§ **WHAT THE EXERCISE ASKS**
When you reach a picture, skip it, and retype every line below exactly.

(Dataset items)
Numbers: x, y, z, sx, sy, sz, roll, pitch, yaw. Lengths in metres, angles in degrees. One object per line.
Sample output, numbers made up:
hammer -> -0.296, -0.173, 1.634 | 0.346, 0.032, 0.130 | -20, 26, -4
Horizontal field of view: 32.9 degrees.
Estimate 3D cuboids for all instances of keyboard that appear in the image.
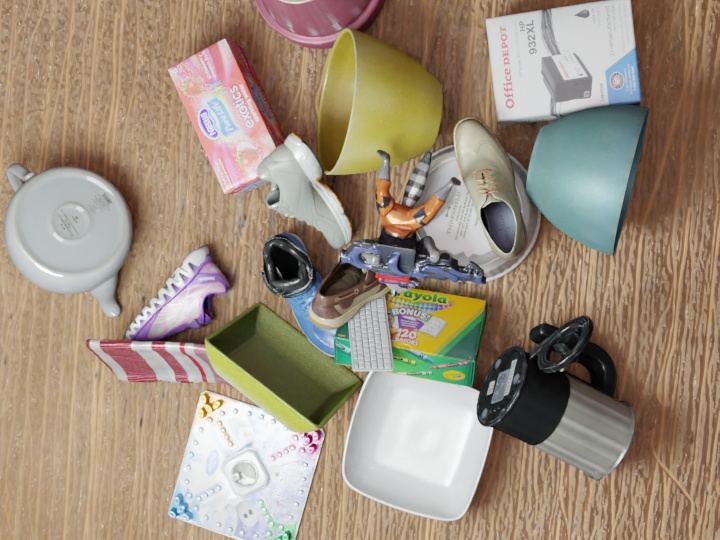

§ **SOLUTION FOR THIS TASK**
Numbers: x, y, z, sx, sy, sz, roll, pitch, yaw. Lengths in metres, angles in degrees. One object per line.
Sample output, numbers made up:
hammer -> -0.296, -0.173, 1.634 | 0.346, 0.032, 0.130 | -20, 26, -4
Horizontal field of view: 32.9 degrees.
Estimate 3D cuboids for all instances of keyboard that appear in the image.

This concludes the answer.